The sensitivities of mortality to emission controls differ with seasons. In winter, emissions of primary inorganic PM_2.5, especially those from residential and commercial sources, contribute more to mortality than in other seasons. In contrast, the sensitivities of mortality to gaseous precursors are generally larger in summer than in winter.

Over 60% of the contributions from emissions of primary inorganic PM_2.5, POA, and SO₂ to long-term mortality in Beijing are attributed to local emissions. For NH₃ and NMVOC+IVOC, local emissions account for a smaller fraction, i.e., 50% and one third, respectively. When emissions from local and nonlocal emissions are controlled simultaneously, the overall sensitivity of mortality exceeds the arithmetic sum of the sensitivities to emissions from each single region, and the differences are more pronounced for larger reduction ratio and/or for joint control of multiple pollutants.

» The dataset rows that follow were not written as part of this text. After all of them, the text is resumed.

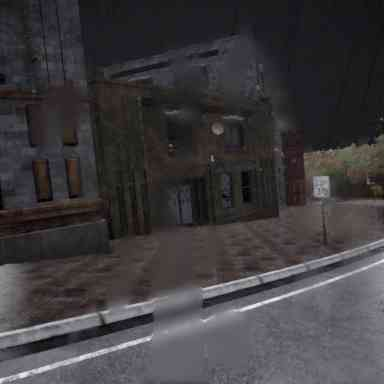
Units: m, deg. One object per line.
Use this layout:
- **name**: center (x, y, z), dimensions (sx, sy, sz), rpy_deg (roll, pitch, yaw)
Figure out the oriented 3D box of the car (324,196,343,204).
- **car**: center (27.447, 1.578, 64.528), dimensions (1.994, 1.385, 4.181), rpy_deg (-6, -2, -6)
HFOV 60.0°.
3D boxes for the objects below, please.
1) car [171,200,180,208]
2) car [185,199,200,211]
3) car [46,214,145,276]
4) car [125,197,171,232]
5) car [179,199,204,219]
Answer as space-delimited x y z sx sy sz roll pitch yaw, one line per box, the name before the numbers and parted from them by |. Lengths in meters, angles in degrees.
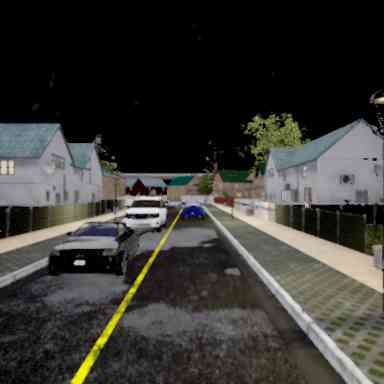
car | -2.818 1.875 53.699 1.895 1.301 4.718 0 0 1
car | 0.077 1.712 45.211 1.882 1.535 5.008 0 0 0
car | -2.854 1.623 10.457 1.994 1.385 4.181 0 0 0
car | -2.812 1.337 21.188 2.150 2.045 5.566 0 0 0
car | 0.087 1.640 30.550 1.882 1.535 5.008 0 0 0
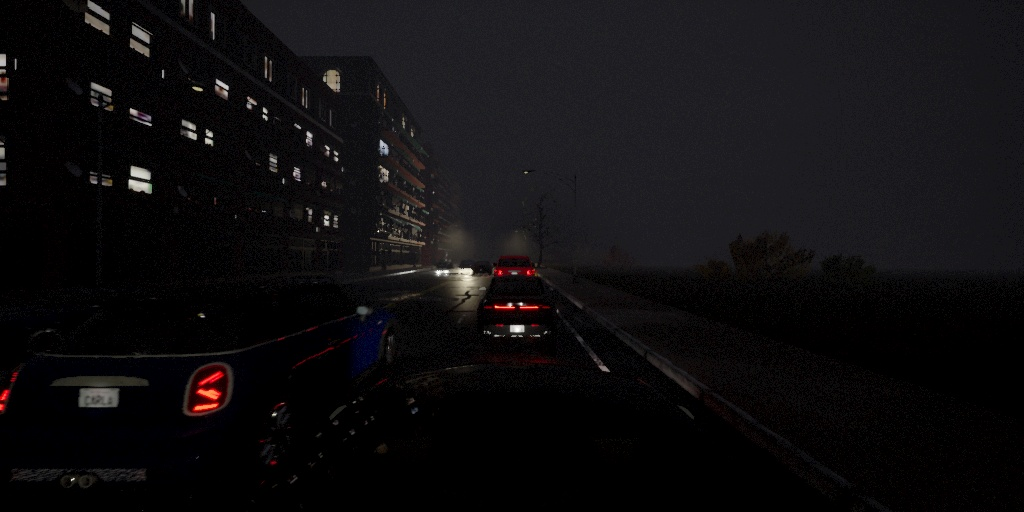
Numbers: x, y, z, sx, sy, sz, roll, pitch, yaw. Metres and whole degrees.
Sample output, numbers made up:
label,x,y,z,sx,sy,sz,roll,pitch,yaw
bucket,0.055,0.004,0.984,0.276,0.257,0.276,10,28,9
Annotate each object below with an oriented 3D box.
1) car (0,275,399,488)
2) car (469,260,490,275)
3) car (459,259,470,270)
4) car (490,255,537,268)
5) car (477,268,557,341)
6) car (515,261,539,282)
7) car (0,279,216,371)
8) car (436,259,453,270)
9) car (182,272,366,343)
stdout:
label,x,y,z,sx,sy,sz,roll,pitch,yaw
car,-3.147,1.102,4.860,2.097,1.767,4.553,0,0,0
car,-3.107,1.231,38.645,1.882,1.535,5.008,0,0,0
car,-6.536,1.230,52.535,1.882,1.535,5.008,0,0,0
car,0.121,0.974,20.190,2.150,2.045,5.566,0,0,0
car,0.111,1.256,9.843,1.837,1.490,4.892,0,0,0
car,1.171,1.209,30.597,1.801,1.575,5.366,0,0,0
car,-9.840,1.352,8.411,1.895,1.301,4.718,0,0,0
car,-9.786,1.244,52.249,2.128,1.511,4.902,0,0,0
car,-6.587,1.299,10.947,2.033,1.411,5.357,0,0,0
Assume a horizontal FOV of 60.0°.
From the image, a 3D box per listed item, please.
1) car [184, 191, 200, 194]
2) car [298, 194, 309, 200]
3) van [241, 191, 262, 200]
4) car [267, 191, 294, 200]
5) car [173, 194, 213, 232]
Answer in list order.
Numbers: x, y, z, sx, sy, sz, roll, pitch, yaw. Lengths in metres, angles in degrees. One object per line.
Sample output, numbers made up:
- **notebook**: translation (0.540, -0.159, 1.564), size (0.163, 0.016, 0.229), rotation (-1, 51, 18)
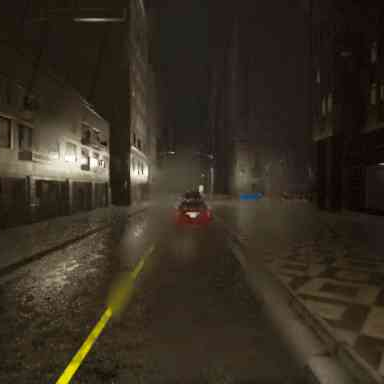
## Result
- **car**: translation (-0.004, 0.905, 38.133), size (2.150, 2.045, 5.566), rotation (0, 0, 0)
- **car**: translation (22.826, 0.990, 64.951), size (4.313, 1.339, 1.947), rotation (0, 1, -1)
- **van**: translation (11.546, 0.776, 64.745), size (3.998, 1.788, 1.690), rotation (0, 1, -1)
- **car**: translation (17.186, 0.745, 64.846), size (5.009, 1.841, 2.192), rotation (0, 1, -1)
- **car**: translation (0.044, 1.210, 19.072), size (2.097, 1.767, 4.553), rotation (0, 0, 0)
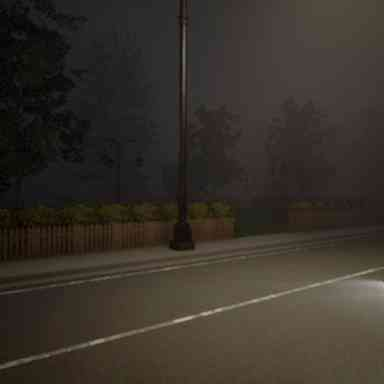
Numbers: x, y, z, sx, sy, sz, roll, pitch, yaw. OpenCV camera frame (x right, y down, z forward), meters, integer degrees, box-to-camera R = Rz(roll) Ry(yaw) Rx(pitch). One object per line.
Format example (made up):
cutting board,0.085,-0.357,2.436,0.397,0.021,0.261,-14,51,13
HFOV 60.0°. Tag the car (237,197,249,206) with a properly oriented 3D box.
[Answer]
car,8.593,1.733,62.344,1.837,1.490,4.892,0,-1,-35

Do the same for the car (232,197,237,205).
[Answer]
car,5.200,1.755,61.076,2.033,1.411,5.357,0,0,-35

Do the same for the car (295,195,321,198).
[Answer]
car,16.457,1.434,45.375,2.150,2.045,5.566,0,0,-36
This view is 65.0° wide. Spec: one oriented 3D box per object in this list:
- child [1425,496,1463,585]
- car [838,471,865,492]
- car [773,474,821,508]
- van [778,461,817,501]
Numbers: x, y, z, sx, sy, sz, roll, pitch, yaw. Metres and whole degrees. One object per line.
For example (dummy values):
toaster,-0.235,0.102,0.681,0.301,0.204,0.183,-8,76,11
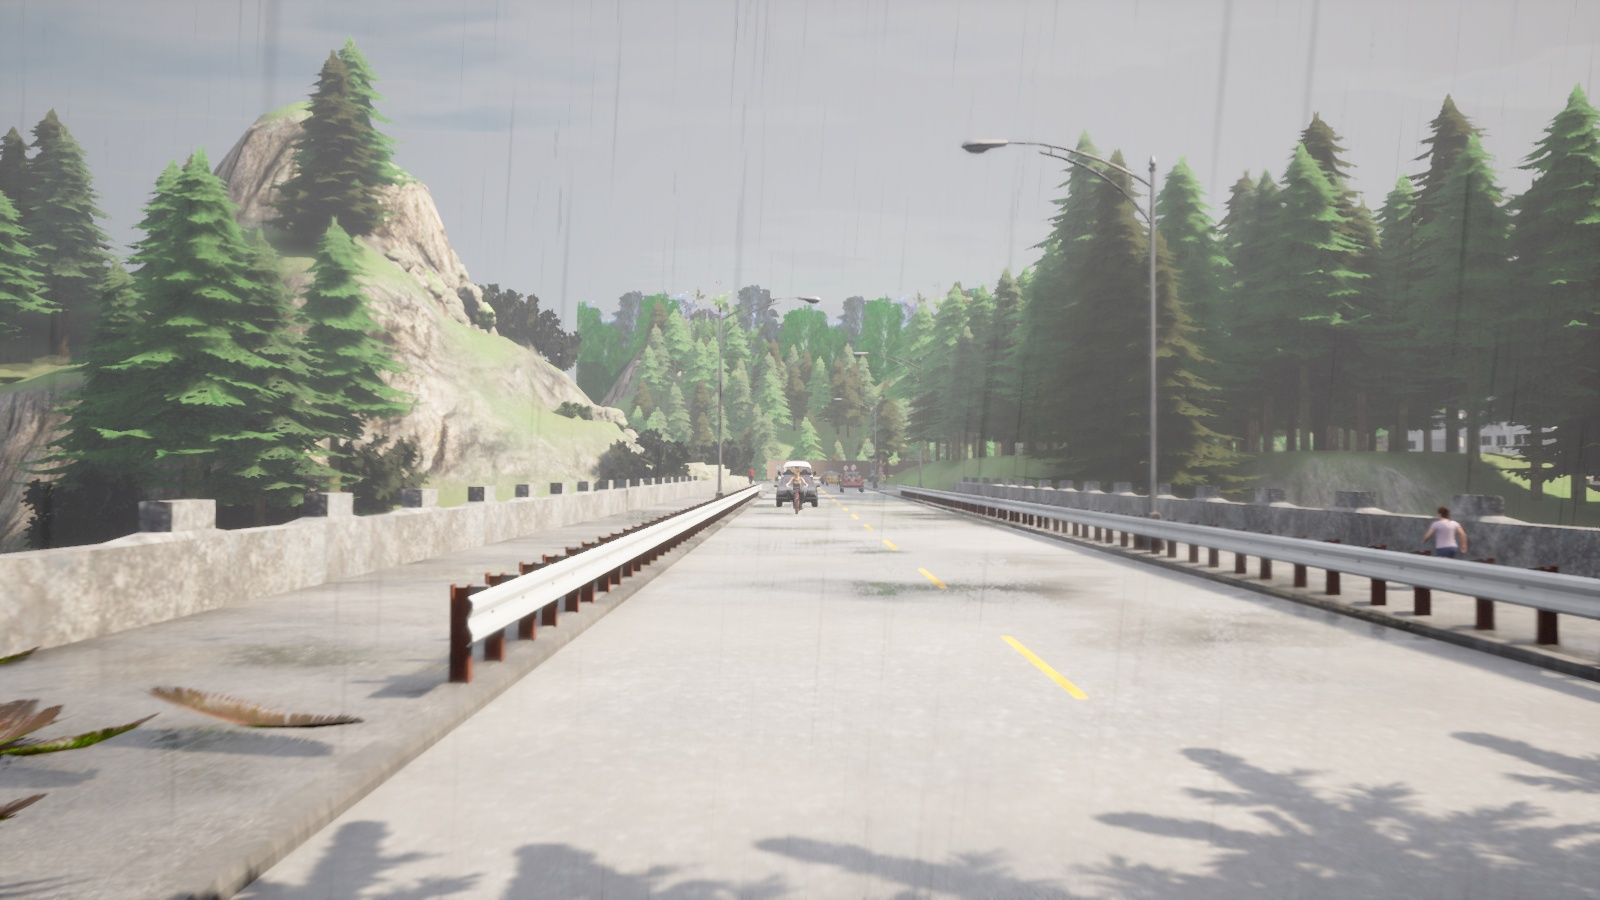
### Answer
child,8.156,1.138,15.912,0.255,1.110,0.394,0,-1,-3
car,3.801,2.329,93.002,1.789,1.549,3.705,0,-2,0
car,-0.119,1.795,55.690,2.033,1.411,5.357,0,-1,0
van,-0.150,1.695,69.672,2.069,2.038,4.480,0,0,0
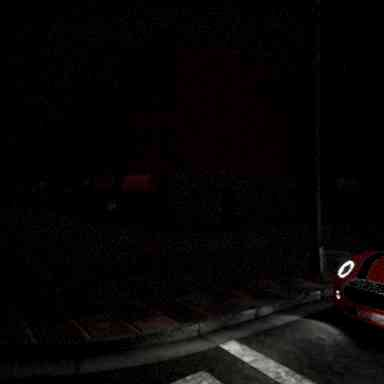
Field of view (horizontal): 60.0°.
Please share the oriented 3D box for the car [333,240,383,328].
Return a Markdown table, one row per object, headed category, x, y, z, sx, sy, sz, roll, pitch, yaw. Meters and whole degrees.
| category | x | y | z | sx | sy | sz | roll | pitch | yaw |
| --- | --- | --- | --- | --- | --- | --- | --- | --- | --- |
| car | 4.774 | 1.411 | 6.467 | 4.553 | 1.767 | 2.097 | 1 | 0 | -35 |
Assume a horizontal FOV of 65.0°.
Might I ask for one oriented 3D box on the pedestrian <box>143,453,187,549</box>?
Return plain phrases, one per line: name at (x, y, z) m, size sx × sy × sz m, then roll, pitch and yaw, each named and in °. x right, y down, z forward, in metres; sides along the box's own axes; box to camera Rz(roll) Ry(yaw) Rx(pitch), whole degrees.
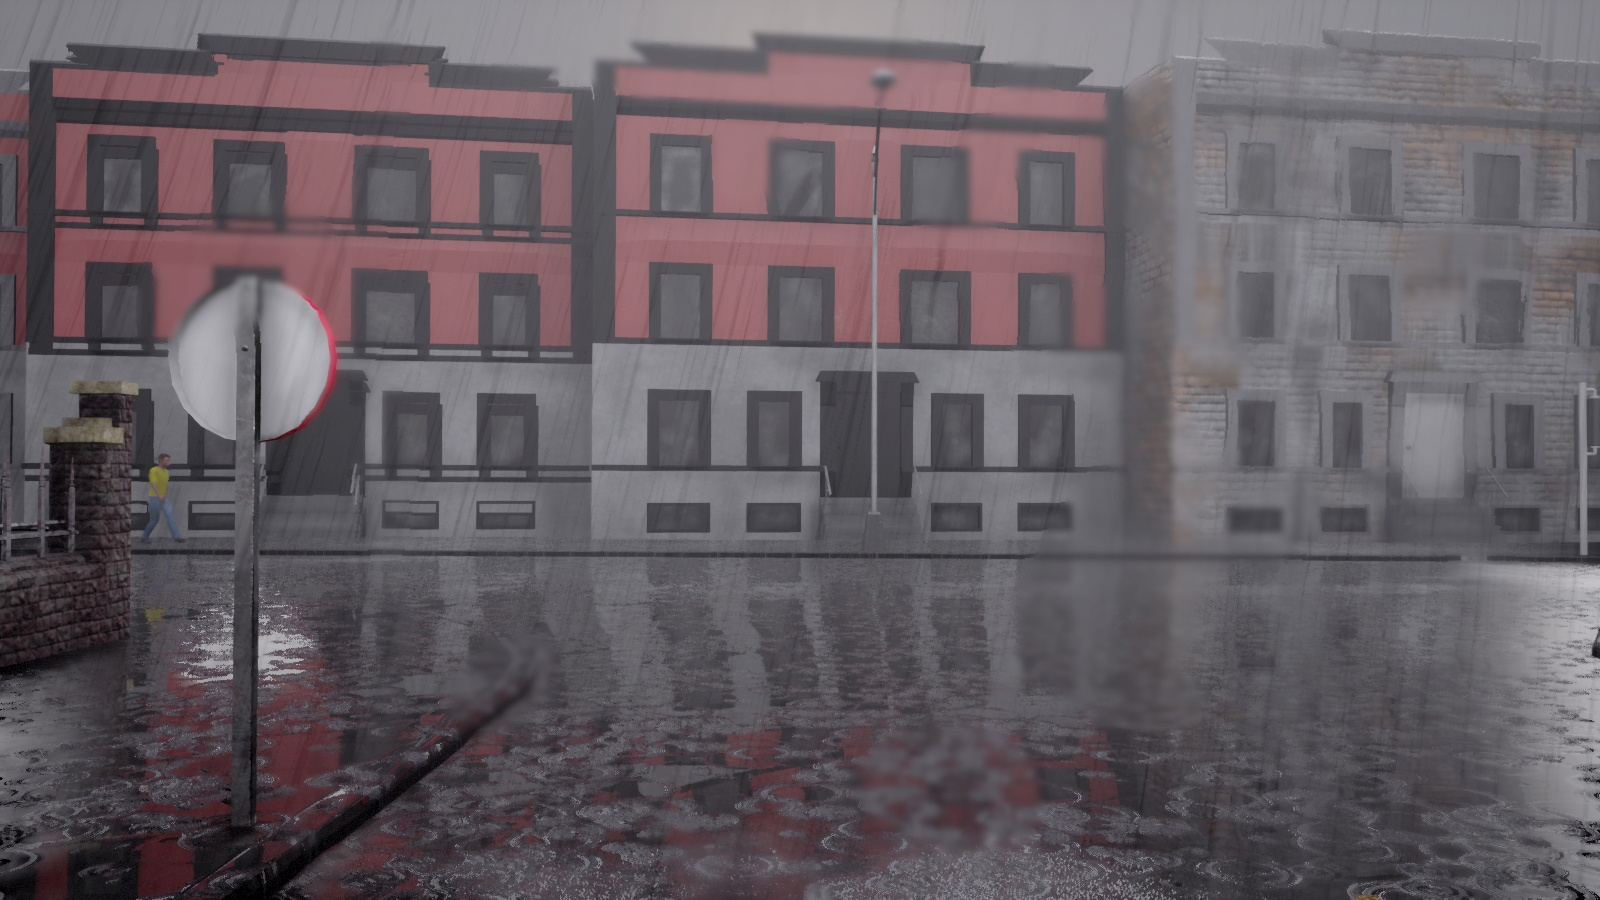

The findings from this study are important for the development and optimization of health-oriented air pollution control policies in BTH and its surrounding areas. First, a sharp reduction in emissions of primary PM_2.5 is suggested considering that PM_2.5-related mortality is most sensitive to it among all pollutants and that the sensitivity increases with reduction ratio. A particular focus shall be placed on primary PM_2.5 emissions from residential and commercial sectors in winter, which have been largely neglected in China’s control policies until recently. Second, stringent control policies should be implemented for NO_x and NH₃ emissions in the BTH region in view of their increasing sensitivities with reduction ratio. For NO_x, joint controls over a larger region beyond BTH are necessary in order to avoid possible side effects. Finally, multi-pollutant, multi-sector and regional collaboration control strategies are recommended wherever possible, because the sensitivity of long-term mortality to the joint emission controls are substantially larger than the sum of sensitivities to controls of individual pollutants or regions.